Si chiamava Vita ed era il simbolo della lotta alla vivisezione in Italia e non solo: un cucciolo di beagle immortalato in una foto che ha fatto per anni il giro del web e del mondo, mentre veniva liberato da Green Hill, l’allevamento-lager di Montichiari in provincia di Brescia, dove i cagnolini venivano fatti nascere per poi essere venduti in tutta Europa e sottoposti a vivisezione. Decine di mani a sollevarla creando un ponte verso la libertà, in quella mattina del 28 aprile 2012 che ha segnato un punto di svolta rispetto a un tema così controverso, sentito e al tempo stesso delicato.
Vita, dopo 7 anni insieme alla famiglia piemontese che l’ha accolta quando aveva pochi mesi, è morta lo scorso 5 marzo a causa di una malattia incurabile: “Si tratta del secondo esemplare di quelli liberati che si sono ammalati e sono morti di tumore o epilessia“, ha raccontato ai media Silvia Premoli di Animal Press, ufficio stampa che si occupa di vegan e animali.

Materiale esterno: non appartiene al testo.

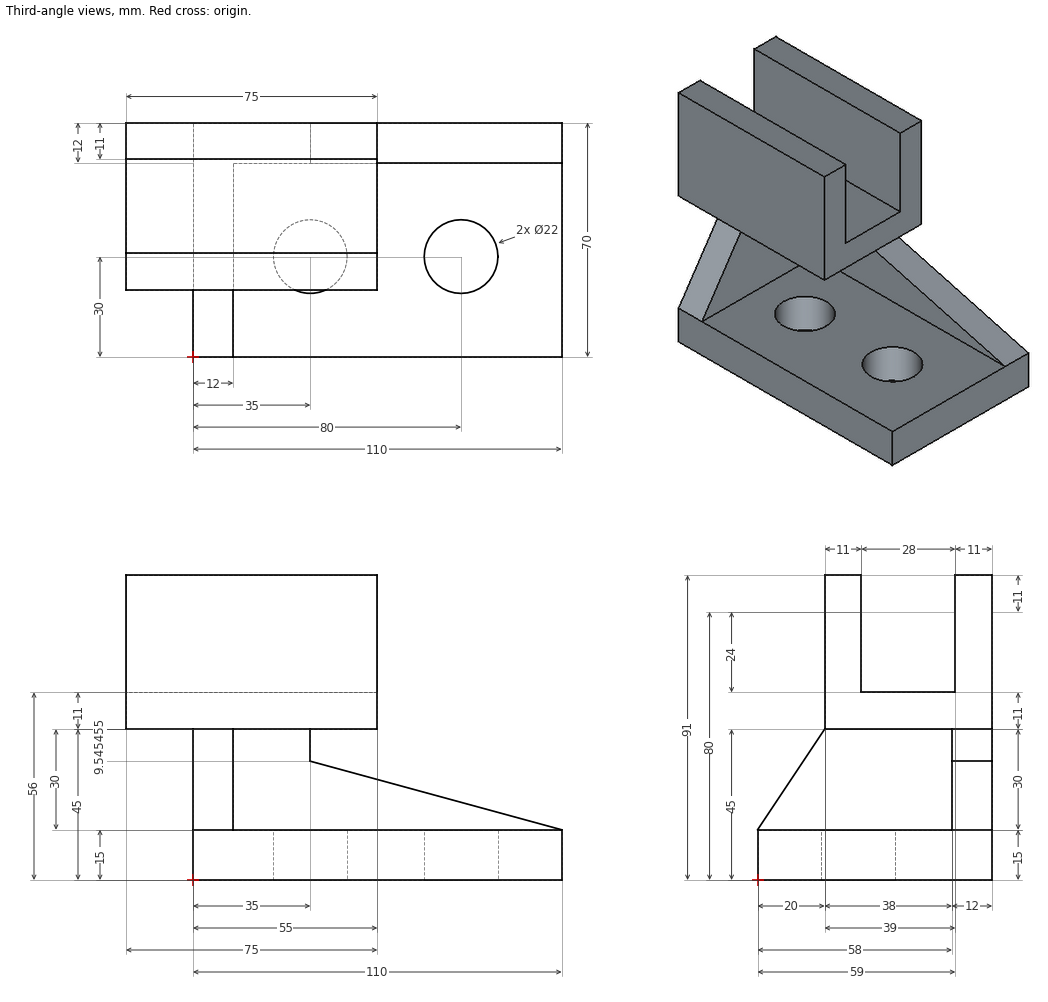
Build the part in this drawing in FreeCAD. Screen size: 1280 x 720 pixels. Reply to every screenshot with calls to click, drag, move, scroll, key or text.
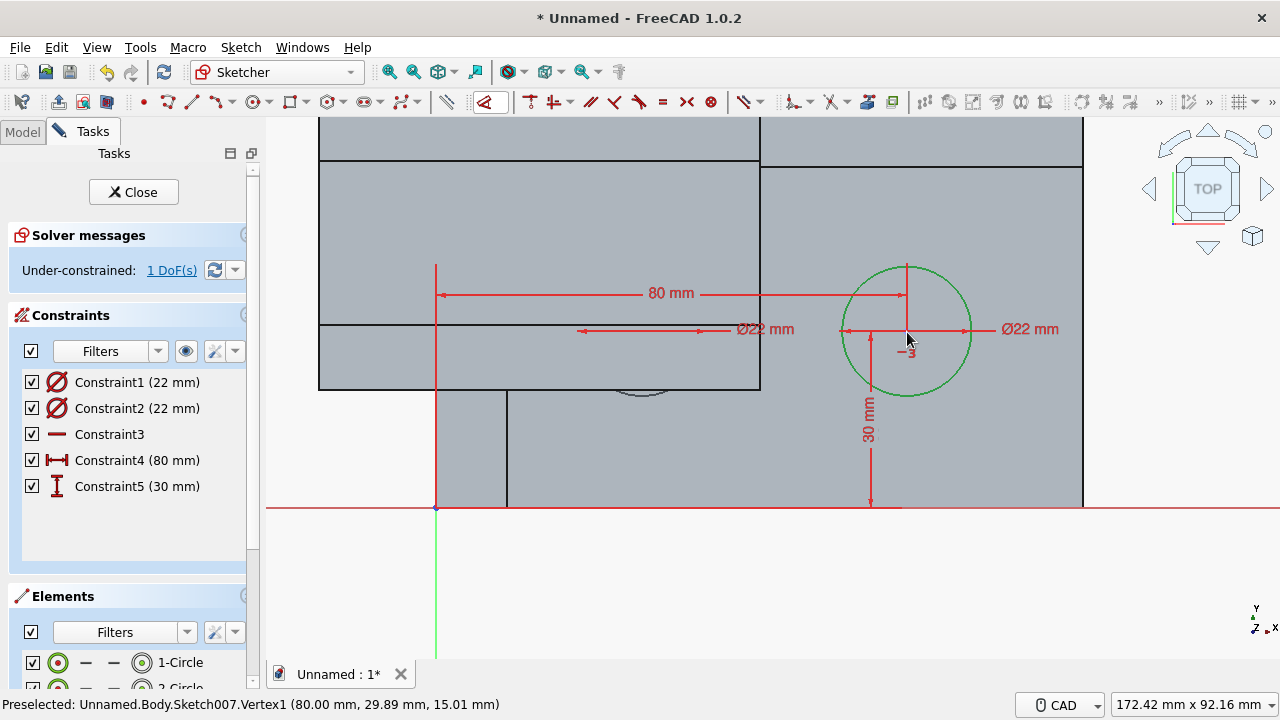
click(642, 331)
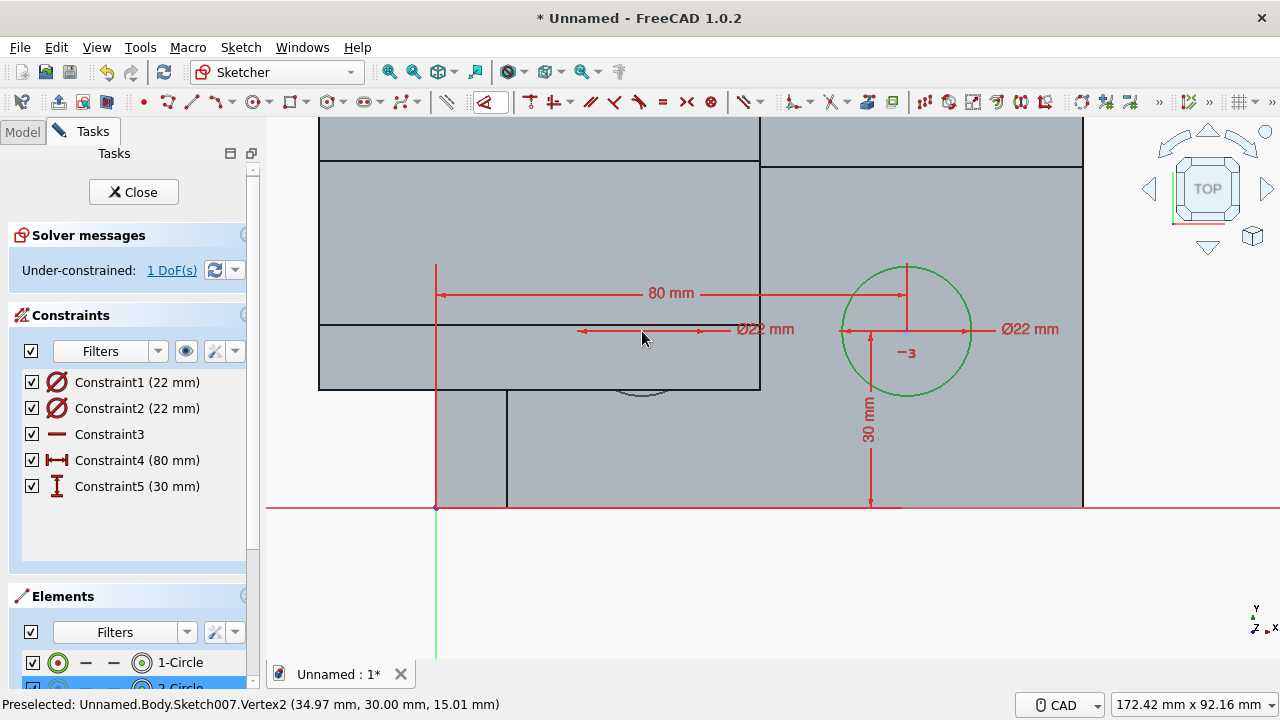
key(l)
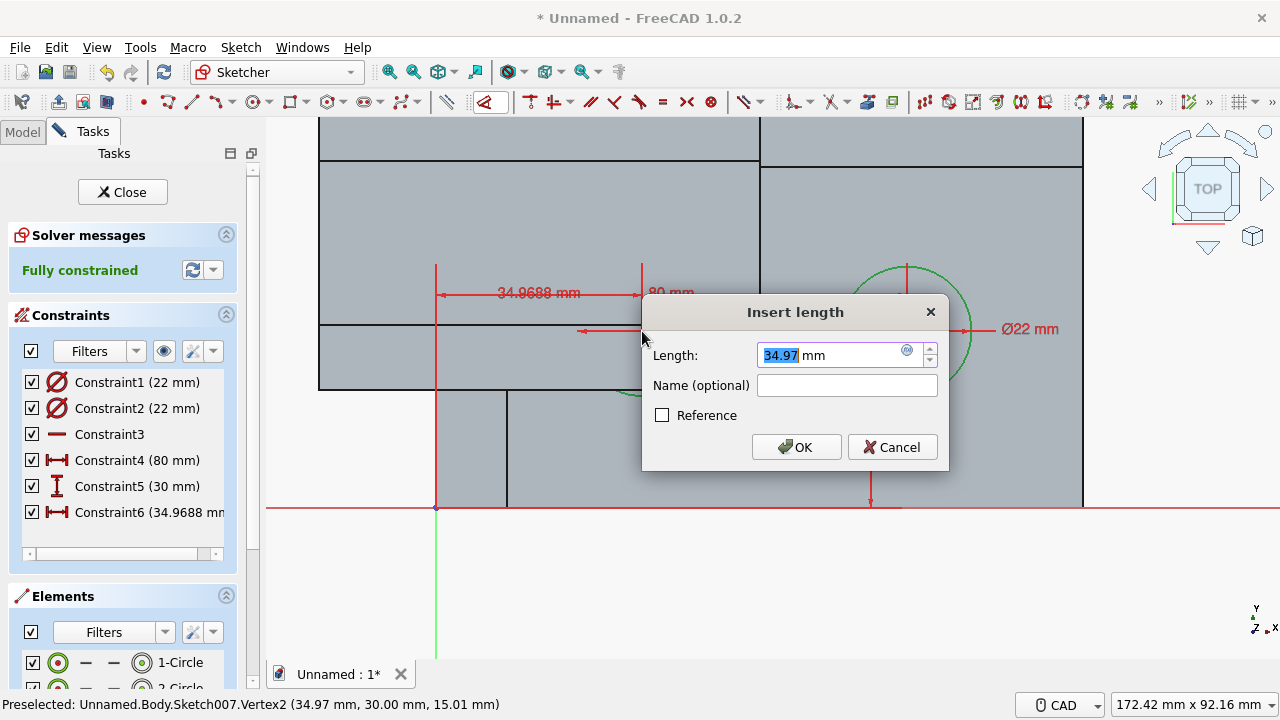
text(35)
key(Return)

Green Hill dopo Green Hill: dalla prigionia alla libertà
Sono 2639 i beagle liberati dagli attivisti, poi sequestrati e affidati in custodia giudiziaria a LAV e Legambiente dal Tribunale di Brescia. Molti di loro erano mamme gravide e cuccioli giovanissimi, affidati a numerose famiglie che li hanno adottati e salvati da morte certa. Dopo cinque anni dalla condanna definitiva per i gestori della struttura, che fu poi chiusa per maltrattamenti nello stesso 2012, due anni fa la redazione di Vegolosi.it aveva raggiunto e intervistato cinque delle famiglie che hanno scelto di adottare i cagnolini di Green Hill, per scoprirne la storia, le disavventure e, finalmente, il lieto fine.

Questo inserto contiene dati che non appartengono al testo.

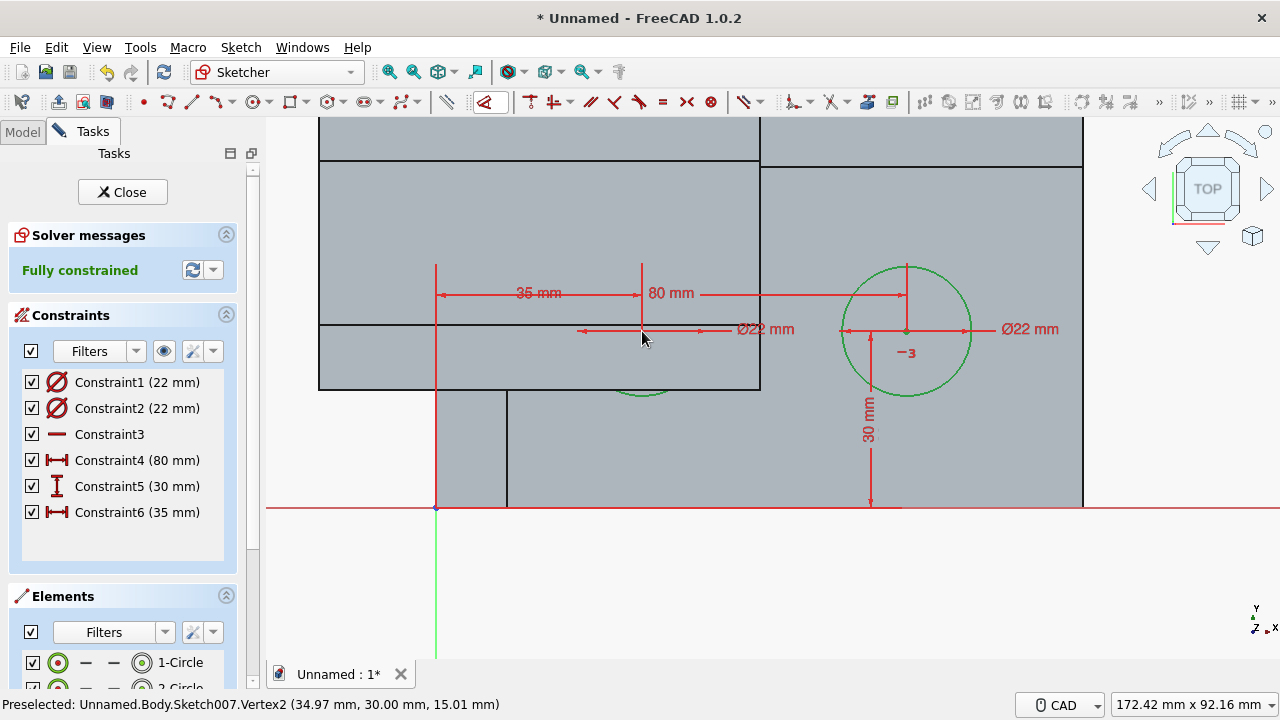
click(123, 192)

Cani diversi, ma accomunati tutti dallo stesso passato difficile e da un futuro decisamente più roseo, ma comunque non privo di difficoltà: dai racconti delle famiglie adottanti emergeva infatti la soddisfazione di averli salvati, ma anche la difficoltà di avere a che fare con cagnolini spaventati, talvolta già ammalati per via degli esperimenti compiuti su di loro e assolutamente non abituati al normale contatto col mondo esterno – e, di conseguenza, incapaci di gestirlo e affrontarlo – perché nati e cresciuti in gabbie asettiche e vuote.
La battaglia contro contro Green Hill, in ogni caso, ha portato al raggiungimento di un traguardo importante per la lotta contro la vivisezione: come ricorda LAV, infatti, dopo il sequestro dei cani si è arrivati anche alla condanna dei vertici di Green Hill, in tutti e 3 i gradi di giudizio, per maltrattamenti e uccisioni senza necessità: un anno e sei mesi a Renzo Graziosi – veterinario della struttura all’epoca dei fatti – e Ghislene Rondot, cogestore di Green Hill, e a un anno per l’allora direttore dell’allevamento Roberto Bravi. “Condanne storiche – dichiara l’associazione – che hanno affermato un principio giuridico innovativo: non esistono zone franche neppure in un ambito produttivo come l’allevamento di cani per la sperimentazione, le necessità etologiche degli animali devono essere rispettate anche se destinati alla vivisezione”.
Nonostante questo traguardo e anzi, forse proprio per questo, un pensiero non può che andare a Vita e alla sua storia: adottata dalla signora Elena Mancin quando aveva circa due mesi, ha vissuto per 7 anni tra coccole e affetto. “Dopo i primi 2-3 anni, ha iniziato a manifestare alcune crisi epilettiche, curate con dei farmaci, probabilmente legate ai maltrattamenti ricevuti all’interno della struttura, come è emerso da diverse denunce” – ha dichiarato la proprietaria. Che aggiunge: “Non potevamo che scegliere il nome Vita, perché le è stata regalata una seconda possibilità. La sua vita è iniziata fuori da quella rete, alla luce del sole. Vita ha cambiato le giornate di molte persone. Affronto questo dolore pensando che abbiamo salvato qualcuno, non qualcosa, che aveva bisogno di protezione e che non l’avrebbe mai avuta, altrimenti”.
Anche se la strada è ancora lunga, LAV ricorda intanto i piccoli traguardi finora raggiunti sul piano della lotta alla vivisezione in Italia: “Per legge, dal 29 marzo 2014 è in vigore in Italia il Decreto Legislativo n. 26/2014 sulla sperimentazione animale che ha introdotto importanti divieti come allevare cani, gatti e primati da laboratorio. Quindi le fabbriche di cuccioli come “Green Hill” non sono più legali nel nostro Paese” chiosa l’associazione.